Presentation Details
| Disruption of Taste Cell Renewal in Diet-induced Obesity Sabrina K Choi, Robin Dando. Cornell University, Ithaca, NY, USA |
Abstract
Diet-induced obesity is associated with reduced taste bud abundance and altered taste function in mice, yet the specific stage(s) of taste cell renewal that is disrupted by obesity remains unclear. Taste buds are continuously renewed through a tightly regulated signaling cascade involving progenitor cell maintenance, cellular proliferation, differentiation into mature taste cells, and programmed cell death. We hypothesize that obesity alters discrete stages of this renewal process, resulting in impaired incorporation of newly generated cells into the taste bud.
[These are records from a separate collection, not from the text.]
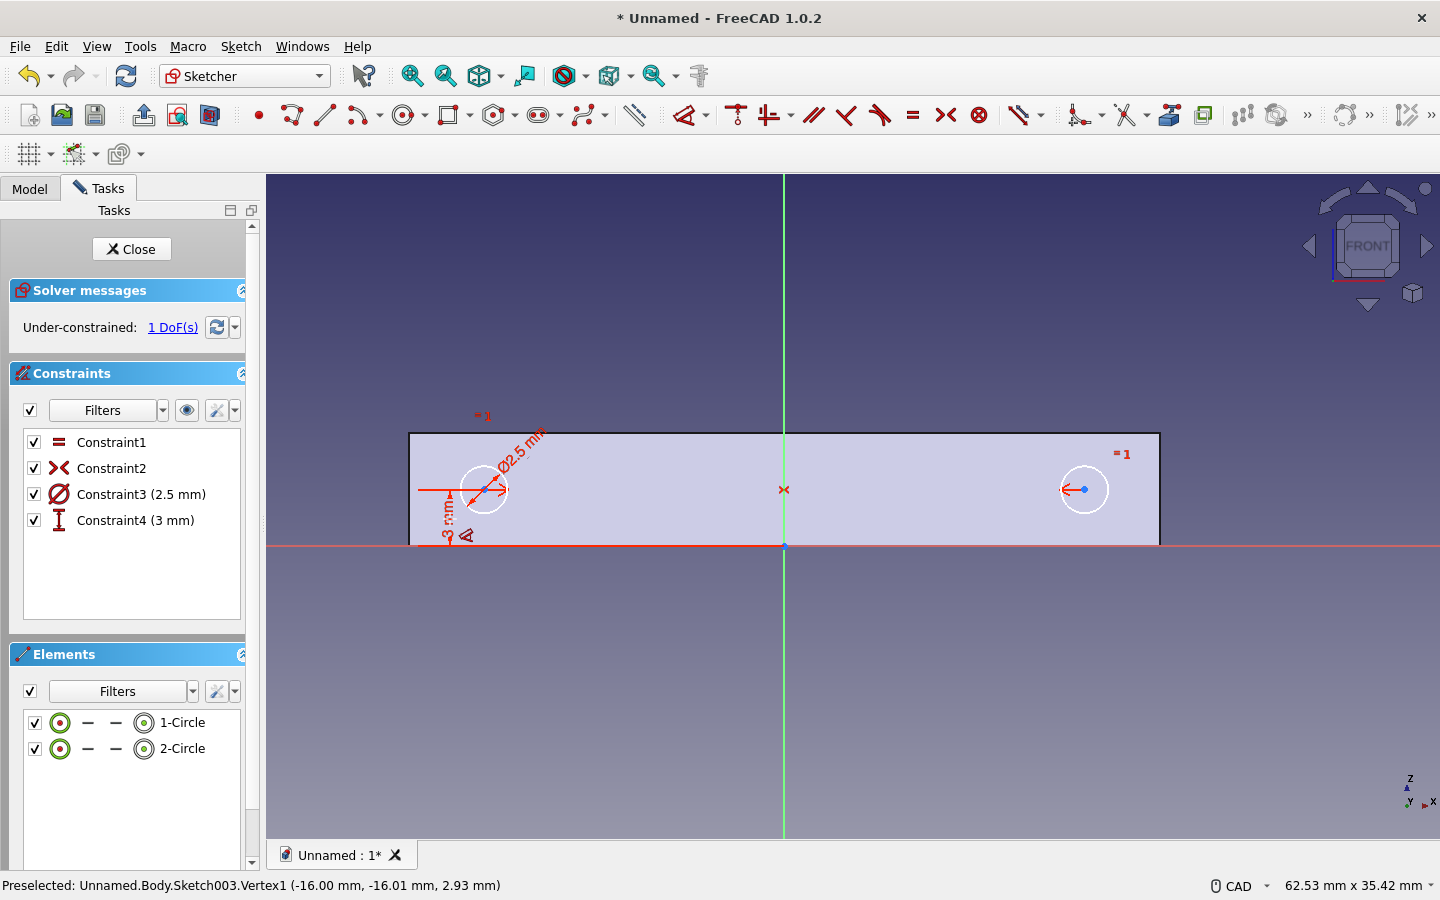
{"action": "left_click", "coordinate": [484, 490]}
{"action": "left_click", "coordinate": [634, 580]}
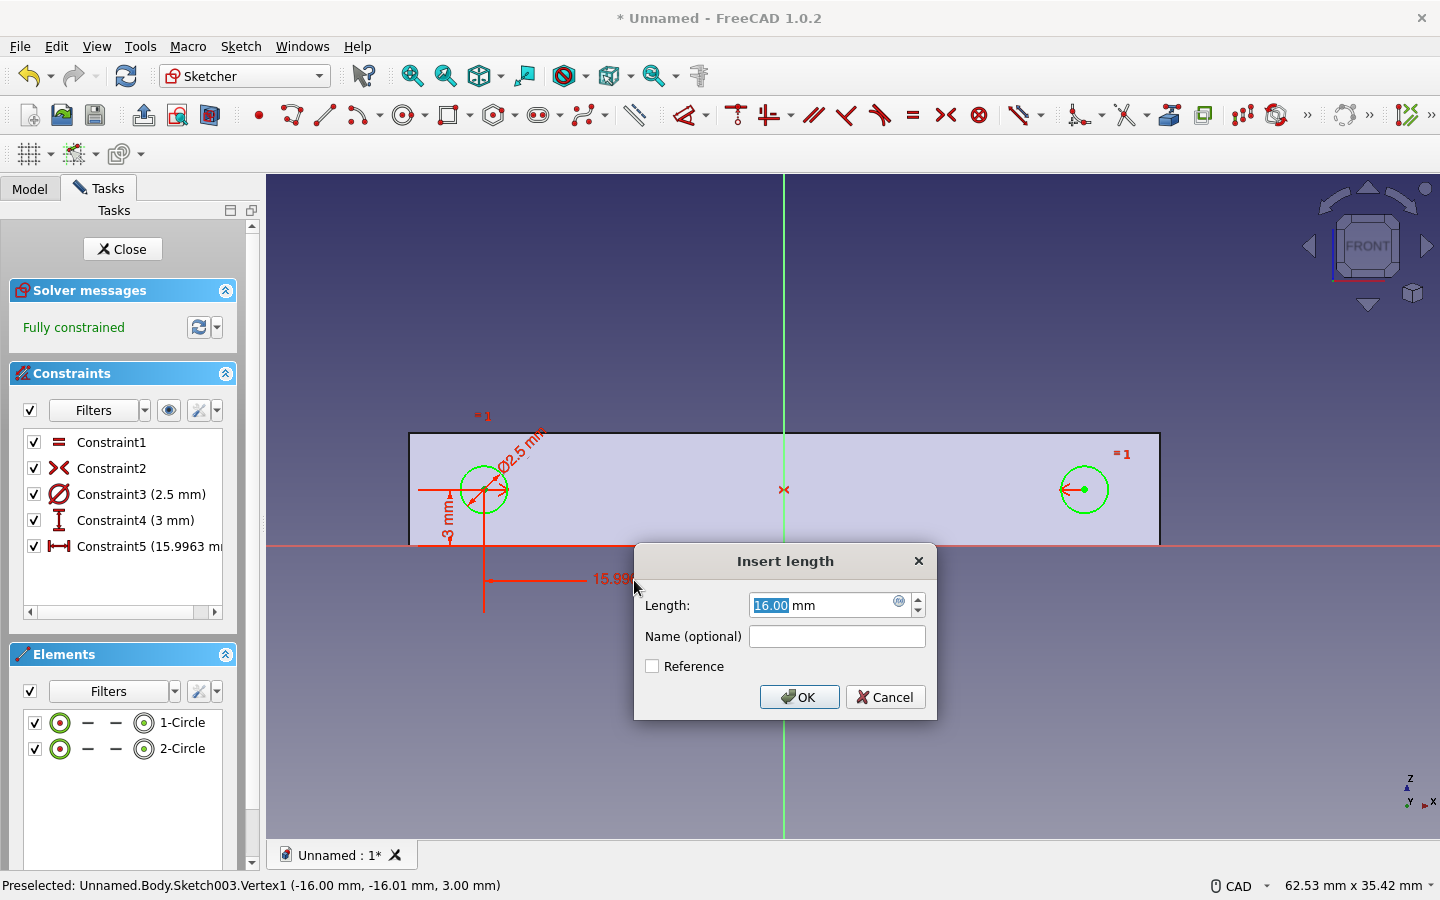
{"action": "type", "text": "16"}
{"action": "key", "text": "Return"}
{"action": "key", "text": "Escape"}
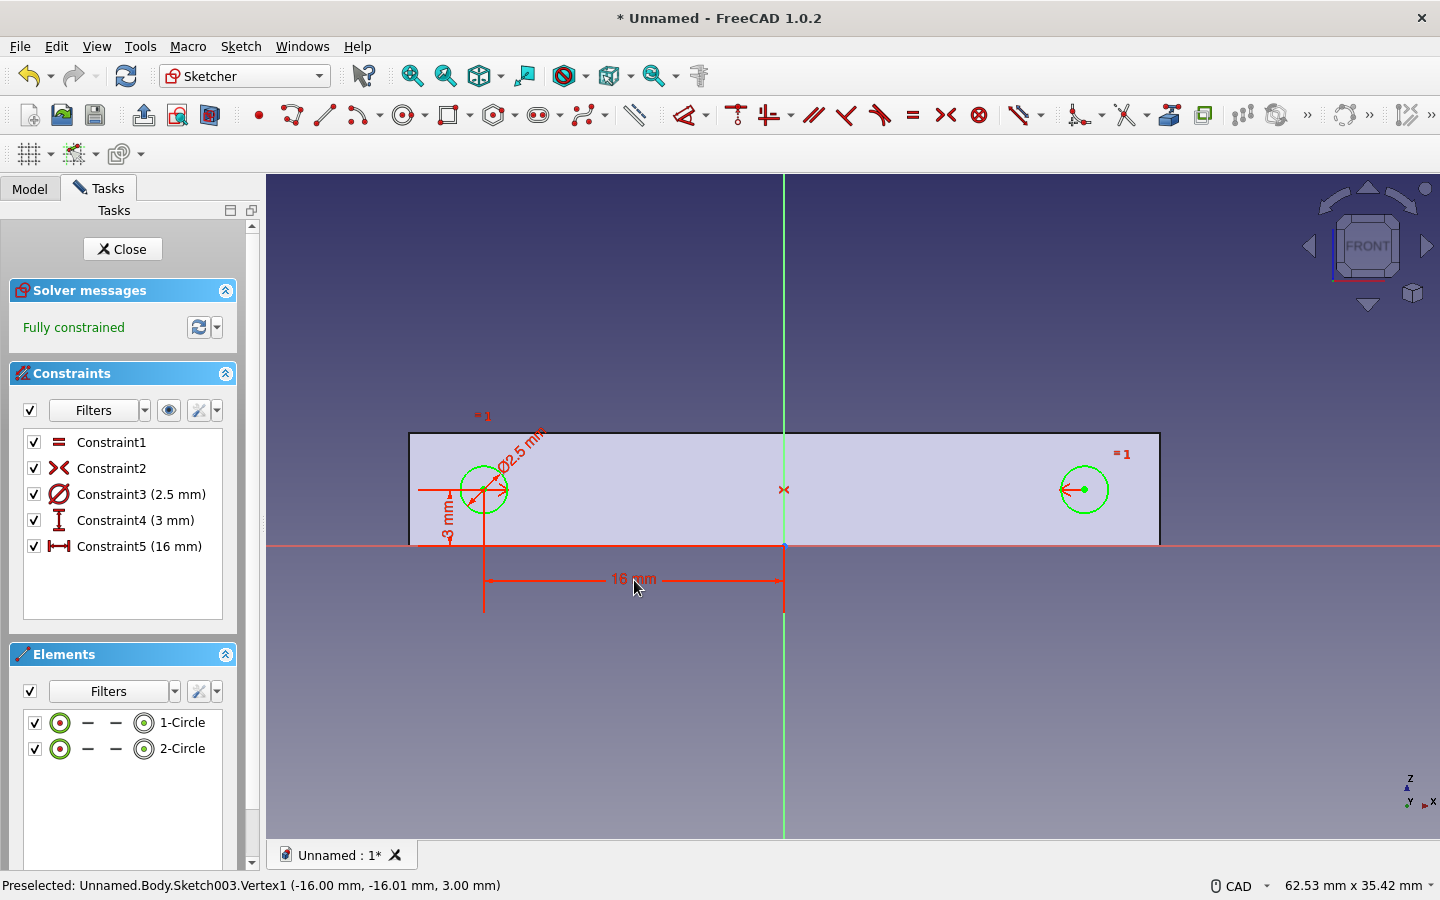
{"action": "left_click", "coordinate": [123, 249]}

To test this, we conducted a longitudinal EdU pulse-chase staining and immunohistochemistry study in lean and diet-induced obese mice across a time course of 56 days. Taste bud structure and abundance were assessed using KCNQ1, while proliferative activity and cell-cycle behavior were evaluated with Ki67 and EdU labeling. SOX2 was used to quantify the progenitor pool and progenitor entry into S-phase, and cleaved caspase-3 identified apoptotic events. Multiplex marker combinations (e.g., SOX2, Ki67, and EdU; KCNQ1, Caspase-3, and EdU) were also used to evaluate progenitor activation, cell-cycle exit, differentiation into taste buds, and preferential death of newly generated versus older cells. Using this approach, we aimed to characterize the stage-specific mechanisms by which obesity disrupts taste cell renewal, providing insight into potential strategies to restore taste function in obesity.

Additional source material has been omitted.